Although its wide mouth gape may be well suited to eating benthic prey, consumption of varying types of prey by cardinalfishes with different mouth shapes appears in reality to be better correlated with varying availability (i.e. many mouth shapes can still make generalist species).

=== Reproduction ===
O. cyanosoma is a paternal mouthbrooder. This is likely to be a more important reason for the sexual dimorphism shown by the male's wider gape and more protruding lower jaw, than is its prey specificity. A bigger mouth allows for more eggs to be protected from predation, and for better water circulation (for oxygenation in both eggs and parent).

Pair bonding in O. cyanosoma does not appear to provide the expected genetic benefits of monogamy, indeed like many pair bonding fishes in its family, predation seems to have driven it rather than reproductive exclusivity.

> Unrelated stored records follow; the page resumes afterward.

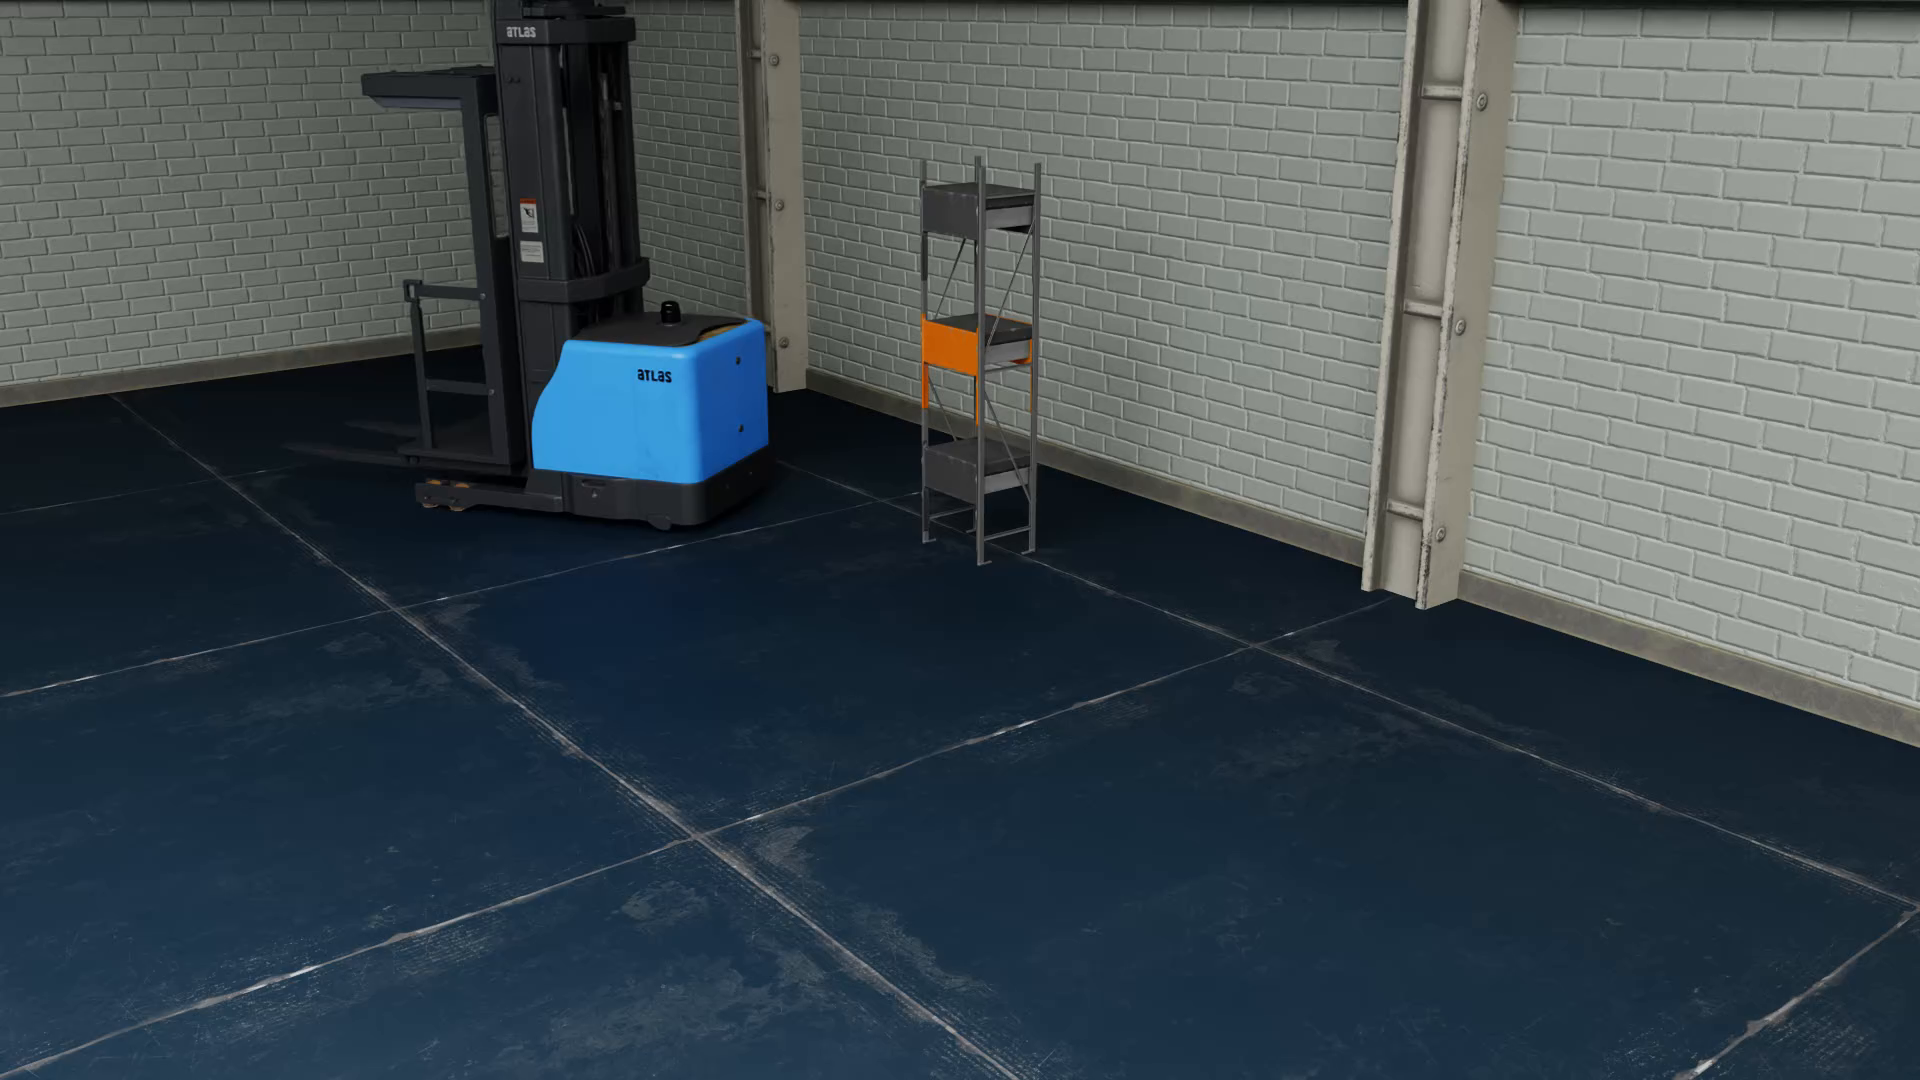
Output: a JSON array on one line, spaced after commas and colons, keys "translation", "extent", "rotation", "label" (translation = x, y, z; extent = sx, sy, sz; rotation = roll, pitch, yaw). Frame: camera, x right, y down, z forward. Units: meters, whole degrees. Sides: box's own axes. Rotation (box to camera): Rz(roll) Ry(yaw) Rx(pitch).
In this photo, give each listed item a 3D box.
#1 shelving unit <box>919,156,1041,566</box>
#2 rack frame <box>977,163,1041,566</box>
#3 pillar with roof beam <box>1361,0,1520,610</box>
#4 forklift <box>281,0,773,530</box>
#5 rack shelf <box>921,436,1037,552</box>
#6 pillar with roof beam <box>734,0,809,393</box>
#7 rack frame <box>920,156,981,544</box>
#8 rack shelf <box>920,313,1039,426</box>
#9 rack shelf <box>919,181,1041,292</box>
[{"translation": [0.103, -0.956, 8.909], "extent": [0.431, 2.100, 0.503], "rotation": [-14, 23, -36], "label": "shelving unit"}, {"translation": [0.254, -0.896, 8.728], "extent": [0.400, 2.100, 0.015], "rotation": [-14, 23, -36], "label": "rack frame"}, {"translation": [-1.061, -3.161, 4.594], "extent": [9.100, 9.000, 0.400], "rotation": [-14, 23, -36], "label": "pillar with roof beam"}, {"translation": [-2.724, -1.709, 9.861], "extent": [3.031, 2.935, 1.130], "rotation": [6, 19, 18], "label": "forklift"}, {"translation": [0.103, -0.279, 9.134], "extent": [0.431, 0.518, 0.480], "rotation": [-14, 23, -36], "label": "rack shelf"}, {"translation": [-4.786, -4.640, 9.059], "extent": [9.100, 9.000, 0.400], "rotation": [-14, 23, -36], "label": "pillar with roof beam"}, {"translation": [-0.049, -1.016, 9.091], "extent": [0.400, 2.100, 0.015], "rotation": [-14, 23, -36], "label": "rack frame"}, {"translation": [0.103, -0.943, 8.914], "extent": [0.431, 0.518, 0.480], "rotation": [-14, 23, -36], "label": "rack shelf"}, {"translation": [0.103, -1.608, 8.693], "extent": [0.431, 0.518, 0.480], "rotation": [-14, 23, -36], "label": "rack shelf"}]
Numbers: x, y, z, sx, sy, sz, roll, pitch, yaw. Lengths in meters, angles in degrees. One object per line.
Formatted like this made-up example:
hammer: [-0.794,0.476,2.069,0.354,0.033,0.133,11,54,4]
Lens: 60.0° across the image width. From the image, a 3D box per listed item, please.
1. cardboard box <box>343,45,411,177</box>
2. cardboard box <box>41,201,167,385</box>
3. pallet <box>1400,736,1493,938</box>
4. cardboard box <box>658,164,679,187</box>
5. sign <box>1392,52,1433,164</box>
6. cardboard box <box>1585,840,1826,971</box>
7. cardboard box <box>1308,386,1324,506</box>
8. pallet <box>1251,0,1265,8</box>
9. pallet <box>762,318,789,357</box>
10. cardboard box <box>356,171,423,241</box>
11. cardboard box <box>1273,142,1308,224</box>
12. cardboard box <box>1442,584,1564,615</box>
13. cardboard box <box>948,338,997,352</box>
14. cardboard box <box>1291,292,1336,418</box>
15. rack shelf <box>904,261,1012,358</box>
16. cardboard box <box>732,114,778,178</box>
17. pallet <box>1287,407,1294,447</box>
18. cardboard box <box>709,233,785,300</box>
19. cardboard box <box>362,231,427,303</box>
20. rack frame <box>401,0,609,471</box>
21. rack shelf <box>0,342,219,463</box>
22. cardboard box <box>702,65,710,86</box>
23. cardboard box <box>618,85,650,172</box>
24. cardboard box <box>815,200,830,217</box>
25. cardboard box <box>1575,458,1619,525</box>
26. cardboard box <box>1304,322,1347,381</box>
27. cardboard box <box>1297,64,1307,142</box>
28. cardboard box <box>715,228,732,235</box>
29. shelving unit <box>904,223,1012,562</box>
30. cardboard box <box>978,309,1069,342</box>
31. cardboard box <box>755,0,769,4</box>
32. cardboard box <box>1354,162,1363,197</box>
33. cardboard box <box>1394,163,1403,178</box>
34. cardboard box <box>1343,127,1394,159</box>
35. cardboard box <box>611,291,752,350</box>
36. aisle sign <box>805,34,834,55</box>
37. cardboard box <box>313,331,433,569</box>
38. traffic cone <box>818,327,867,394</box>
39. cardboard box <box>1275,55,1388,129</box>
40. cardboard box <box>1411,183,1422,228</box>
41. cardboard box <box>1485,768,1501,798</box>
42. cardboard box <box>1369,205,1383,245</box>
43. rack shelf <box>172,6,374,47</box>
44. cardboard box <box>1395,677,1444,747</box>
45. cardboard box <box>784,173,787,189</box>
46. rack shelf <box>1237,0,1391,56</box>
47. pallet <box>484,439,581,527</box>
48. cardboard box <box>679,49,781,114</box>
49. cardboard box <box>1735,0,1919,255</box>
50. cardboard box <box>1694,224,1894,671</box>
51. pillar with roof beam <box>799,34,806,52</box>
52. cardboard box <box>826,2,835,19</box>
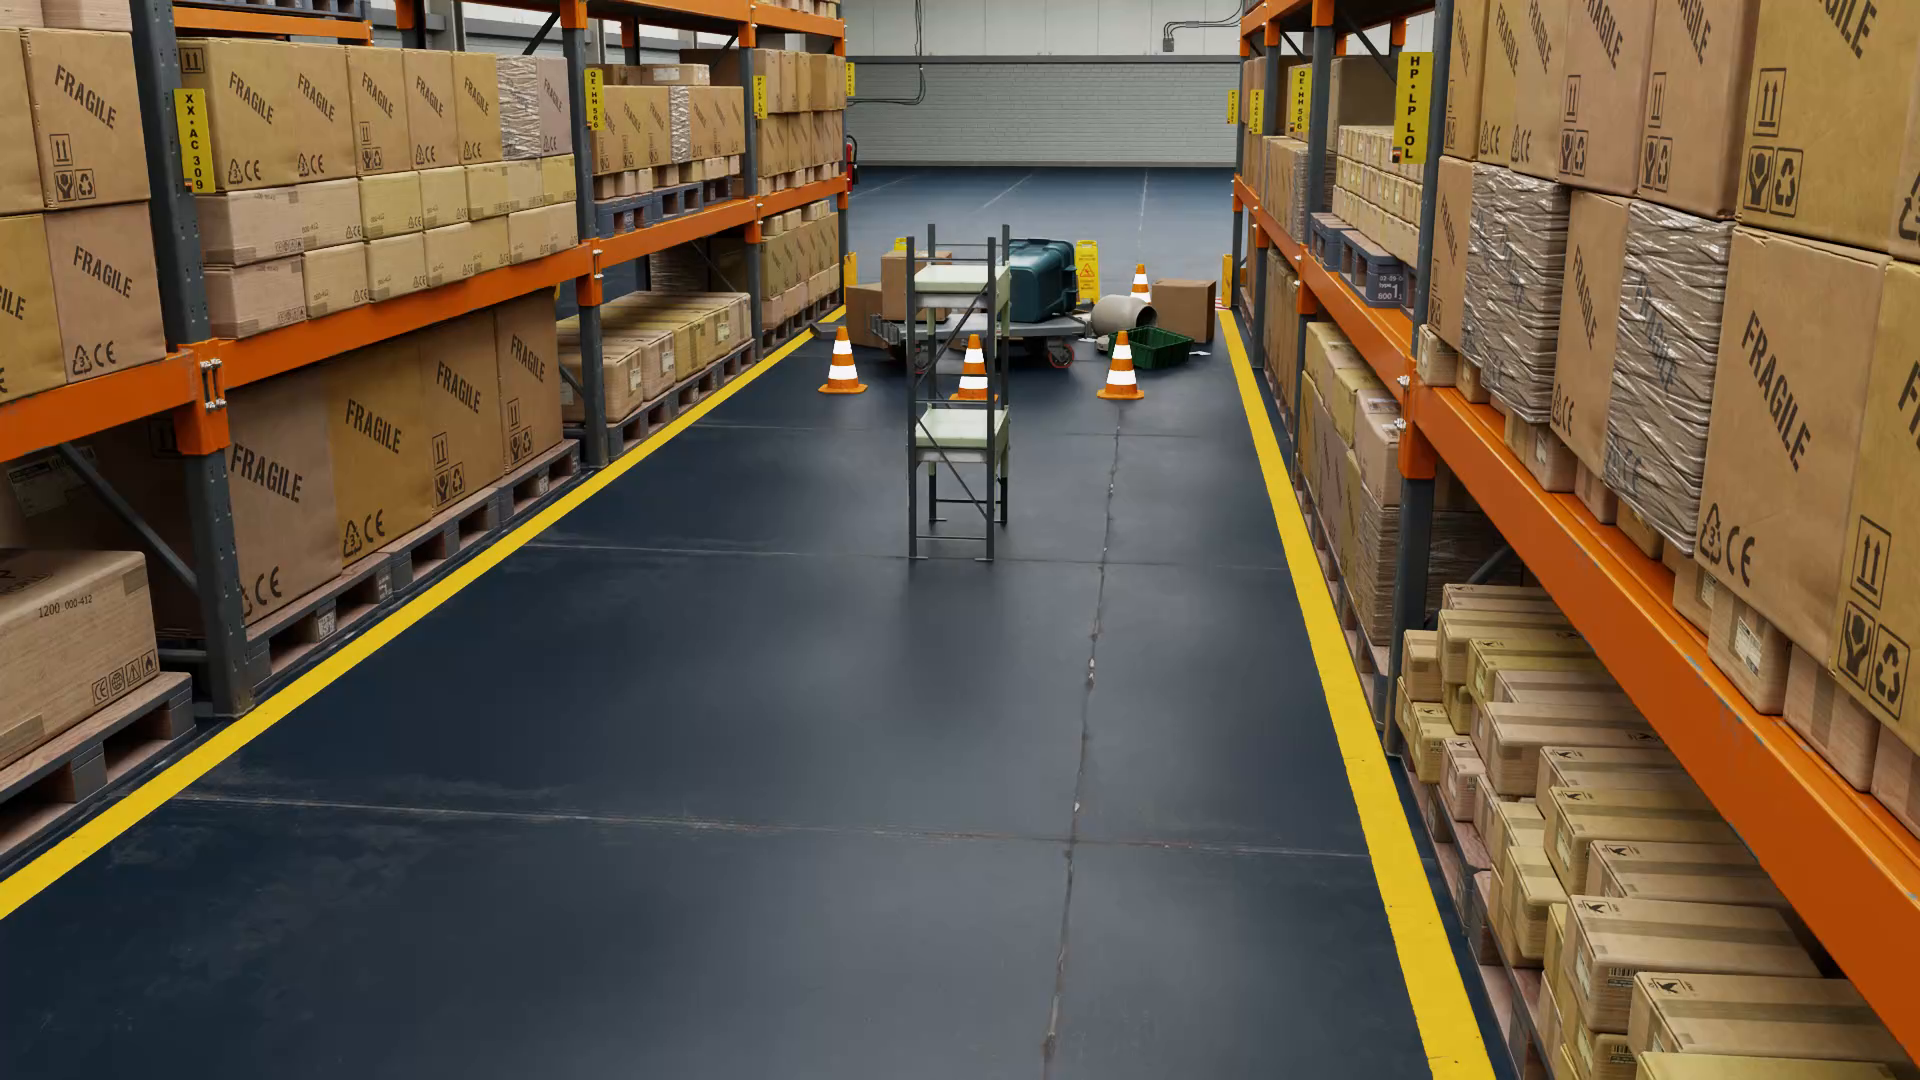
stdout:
cardboard box: [-2.593,-1.744,6.758,0.500,0.500,0.500,1,15,5]
cardboard box: [-2.815,-0.765,5.053,0.500,0.500,0.500,2,15,7]
pallet: [1.872,0.796,4.813,1.003,0.211,1.213,2,15,6]
cardboard box: [-2.114,-2.460,11.190,0.380,0.149,0.250,2,15,8]
sign: [1.361,-1.299,5.003,0.100,0.325,0.005,2,15,6]
cardboard box: [1.465,0.718,3.278,0.380,0.149,0.250,1,15,4]
cardboard box: [1.978,-0.452,8.072,0.500,0.500,0.500,2,15,7]
pallet: [3.059,-4.733,14.341,1.003,0.211,1.213,2,15,6]
pallet: [-2.073,-1.749,14.225,1.003,0.211,1.213,2,15,6]
cardboard box: [-2.573,-1.386,6.869,0.500,0.250,0.500,2,15,7]
cardboard box: [2.316,-2.328,10.832,0.500,0.500,0.500,2,15,7]
cardboard box: [1.668,0.244,5.029,0.380,0.149,0.250,2,15,9]
cardboard box: [0.110,-1.748,14.117,0.258,0.266,0.396,-10,18,-32]
cardboard box: [2.522,-1.035,9.747,1.050,0.750,0.750,1,15,5]
rack shelf: [0.001,-1.102,7.871,0.431,0.370,0.720,2,15,6]
cardboard box: [-1.788,-3.217,13.552,0.500,0.500,0.500,2,15,6]
pallet: [2.528,-0.619,10.046,1.003,0.211,1.213,2,15,6]
cardboard box: [-1.779,-2.302,13.955,0.500,0.500,0.500,2,15,9]
cardboard box: [-2.574,-1.145,6.938,0.500,0.250,0.500,2,15,6]
rack frame: [-2.565,-1.882,9.376,1.000,3.000,0.127,2,15,6]
rack shelf: [-3.243,0.021,3.715,1.077,0.370,4.000,2,15,6]
cardboard box: [-2.007,-3.322,11.891,0.380,0.149,0.250,1,15,5]
cardboard box: [-2.233,-2.522,10.176,0.500,0.500,0.500,2,15,9]
cardboard box: [-1.469,-3.195,16.015,0.380,0.149,0.250,2,15,8]
cardboard box: [1.471,-0.126,3.363,0.380,0.149,0.250,2,15,8]
cardboard box: [2.046,-0.949,8.472,0.500,0.250,0.500,1,15,4]
cardboard box: [2.652,-2.937,11.172,0.700,0.500,0.500,2,15,7]
cardboard box: [-2.258,-2.450,14.504,0.500,0.500,0.500,2,15,7]
shelving unit: [0.001,-0.726,7.973,0.431,1.500,0.755,2,15,6]
cardboard box: [0.557,-2.044,14.499,0.797,0.637,0.503,2,15,6]
cardboard box: [-1.748,-4.386,13.371,0.380,0.149,0.250,2,15,6]
cardboard box: [2.027,-1.663,7.672,0.380,0.149,0.250,2,15,7]
cardboard box: [1.886,-1.472,6.396,0.380,0.149,0.250,1,15,4]
cardboard box: [2.092,-1.947,8.154,0.380,0.149,0.250,1,15,5]
cardboard box: [-2.171,-1.718,12.997,0.950,0.372,0.625,2,15,7]
aisle sign: [-1.368,-5.219,16.738,0.394,0.787,0.004,2,15,6]
cardboard box: [-2.932,-0.419,7.232,0.875,0.875,0.875,2,15,8]
traffic cone: [-0.863,-1.332,12.202,0.336,0.463,0.334,2,15,6]
cardboard box: [2.891,-3.488,12.960,0.875,0.550,0.550,2,15,6]
cardboard box: [1.821,-1.192,5.930,0.380,0.149,0.250,2,15,9]
cardboard box: [1.590,0.592,4.314,0.380,0.149,0.250,1,15,3]
cardboard box: [1.935,-1.322,6.983,0.380,0.149,0.250,1,15,4]
rack shelf: [-6.821,-4.684,15.370,1.077,0.370,4.000,2,15,6]
cardboard box: [1.553,0.533,5.100,0.380,0.149,0.250,1,15,4]
cardboard box: [-1.722,-3.141,14.511,0.380,0.149,0.250,2,15,6]
rack shelf: [3.041,-4.419,14.391,1.077,0.370,4.000,2,15,6]
pallet: [-2.729,-0.334,8.992,1.003,0.211,1.213,2,15,6]
cardboard box: [-1.849,-3.702,13.429,0.700,0.500,0.500,2,15,6]
cardboard box: [1.323,-0.620,2.030,0.500,0.500,0.500,1,15,4]
cardboard box: [1.320,-0.137,2.161,0.500,0.500,0.500,1,15,5]
pillar with roof beam: [0.093,-14.498,44.540,9.100,9.000,0.400,2,15,6]
cardboard box: [-1.421,-5.117,16.076,0.380,0.149,0.250,2,15,7]

== Importance to humans ==

=== Tourism ===
Often stationary and visible low on the reef during the day time, aggregations of O. cyanosoma add to the captivating underwater pallette enjoyed by recreational Scuba divers, whose presence also contributes significantly to local economies in often poorer tropical countries.

=== Aquariums ===
Export of live specimens contributes to the enjoyment of marine aquarium hobbyists, which if managed appropriately, can also benefit local, often poorer, communities.

=== Research ===
O. cyanosoma has been used as a laboratory experimental animal to test what might happen to marine life by the year 2100, given predicted atmospheric levels of carbon dioxide. It appears that the negative effects on fish metabolic rate (and related survival) of ocean acidification caused by extra carbon dioxide dissolution could be equivalent to an extra 3 °C of water temperature (which global warming is already causing). Reef fish populations in higher (cooler) latitudes appear to have more capacity to cope with rising temperatures and acidification than those nearer the equator.